張偉將大家的反應都看在眼裡,於是也更有信心了。
而這時,原先說話的那位長者又再度開口。
“你可真是有種!黃霸天才剛死,難道你們都忘了,他是怎麼死的嗎?”
長者的話音落下,整個會議室內再次噤若寒蟬。
黃霸天之所以死的這麼快,可不僅僅是因為三年前他和葉秋生聯手乾的那些事,也不單單是因為他從葉星辰手裡奪走了星海集團。
而是因為他心虛,害怕葉星辰的報復,於是想要先下手為強,綁架了葉星辰的老婆。
葉星辰惱怒之下,這才殺了他。
聽了長者的話,立馬又有一些牆頭草打消了這個念頭。
但是那個張偉卻很不服氣。
“除了我這個,咱們還有什麼辦法?難道要向葉星辰舉白旗投降不成?”
“趙老,您是不是年紀越大,就越怕事了?”
趙老緩緩抬起眼皮,卻突然從手他面前的抽屜裡,抽出了一把一尺的劍。
他動作麻利的將劍鞘拔開,露出泛著粼粼寒光的利刃在眾人眼前。
眾人不明白趙老這是什麼意思,只聽他緩緩開口道,“我趙遜活了大半輩子,尚且還不知道怕字怎麼寫。”

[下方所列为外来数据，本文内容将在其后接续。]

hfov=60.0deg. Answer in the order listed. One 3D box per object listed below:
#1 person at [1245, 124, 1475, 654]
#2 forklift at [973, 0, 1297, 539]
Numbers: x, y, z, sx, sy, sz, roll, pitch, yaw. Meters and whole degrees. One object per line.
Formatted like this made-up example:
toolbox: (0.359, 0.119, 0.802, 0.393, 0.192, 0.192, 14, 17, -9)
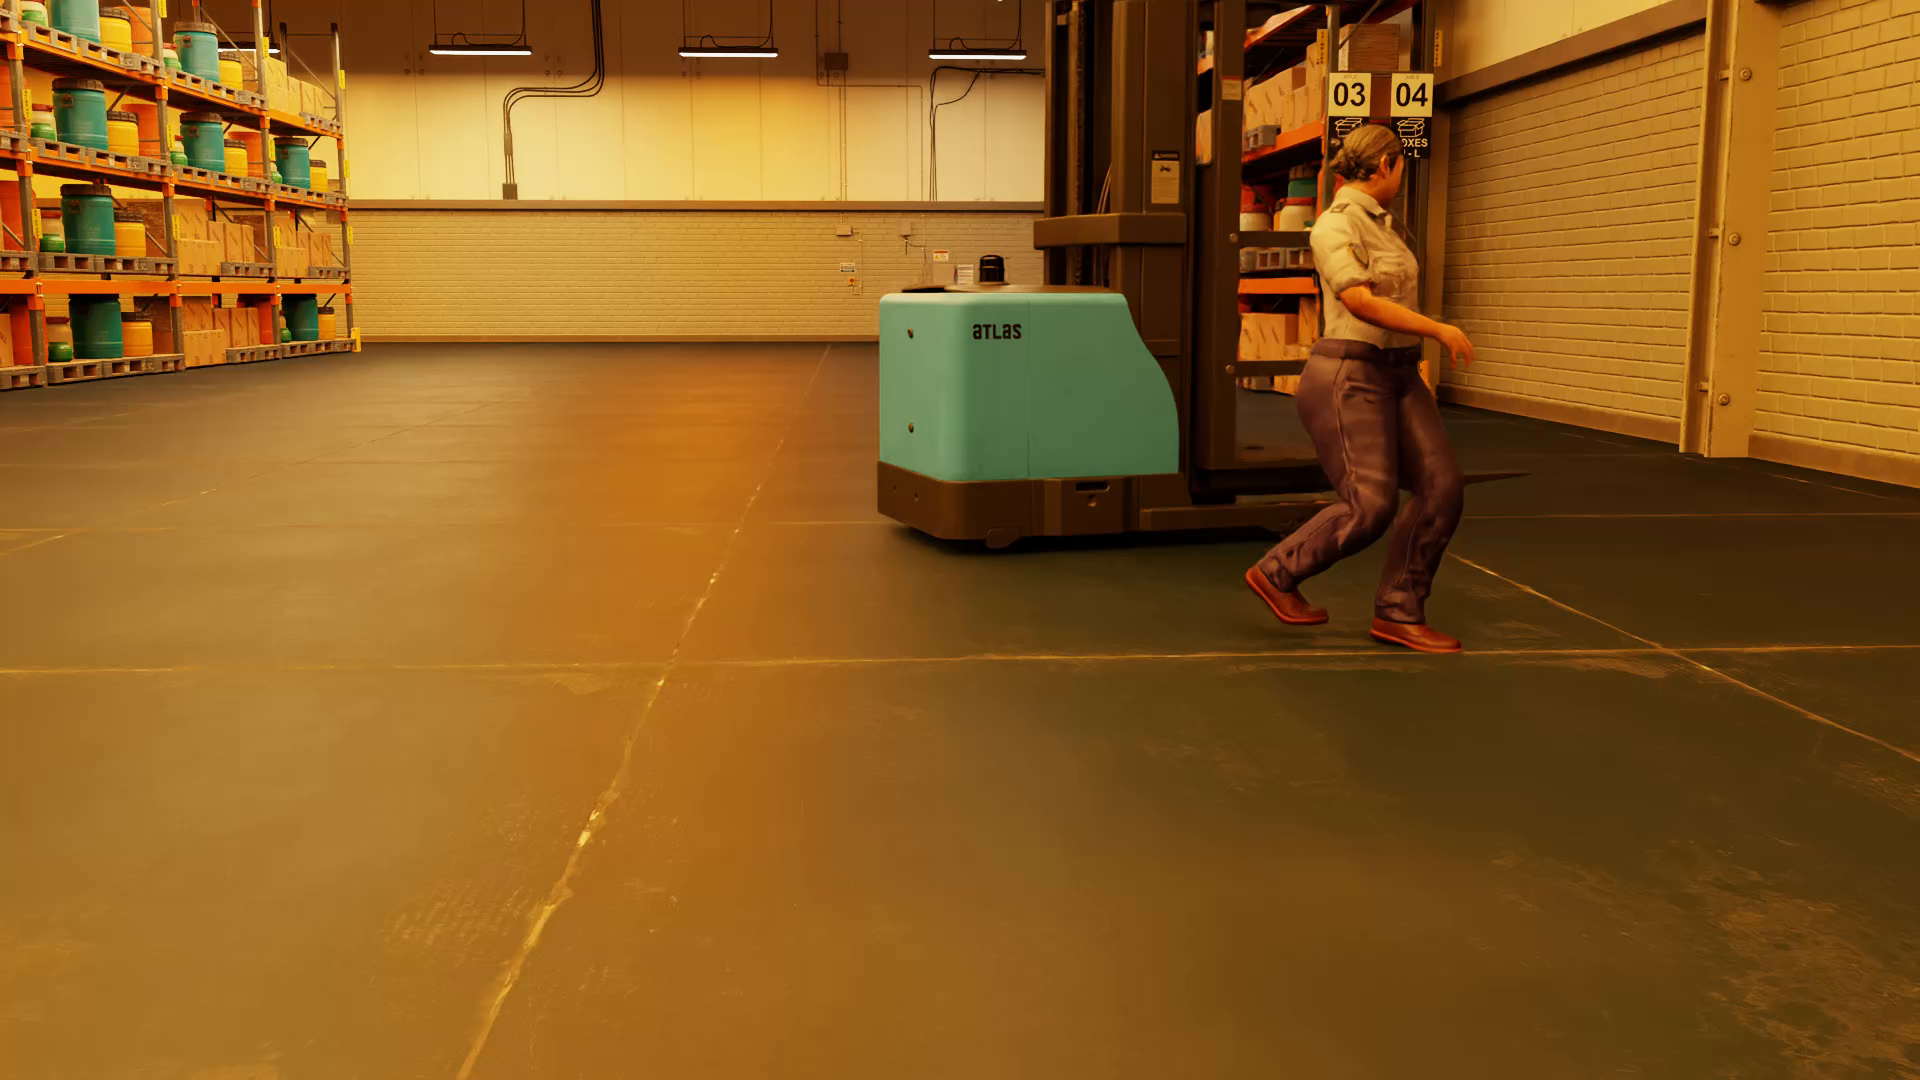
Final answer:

“但是我想讓大家明白一個事,星海集團本來就是葉星辰的,爾等在這裡是理直氣壯也好,惱羞成怒也罷,都不過是心虛的一種表現。”
“與其想盡辦法的去再次刺殺葉星辰,做這樣愚蠢的行為,那麼為什麼不乾脆向葉星辰投誠呢?”
“至少這樣做,在座的諸位的活路會更大一些!”
底下人聽到趙老的這番言論後,皆是震驚的,瞪大了眼睛,他們沒有想到,一向在公司裡面德高望重,頗有威望的趙老。
竟然是第一個想到要投誠的。
張偉立馬譏諷道,“看來趙老果然是年紀大了。不適合再留在董事會了。”
“竟然連向葉星辰投誠這樣的主意都能想的出來!”
“呵呵…那不然…你覺得以你這樣的宵小之輩能是葉星辰的對手?”趙老反唇相譏。
張偉被他的話給狠狠的噎了一下。
當初的H市四大家族之一的雲家,不是他的對手,徐家也不是。
如今的張偉不過是一個跳樑小醜而已。
張偉有些被趙老的話給刺激到了,當即抬手在桌子上猛然的拍了一巴掌,站起身道,“趙老,你到底是什麼意思?今天是存心的給我唱反調是不是?”
“唱反調?”趙老緩緩地站起身,手上仍然拿著那把短劍。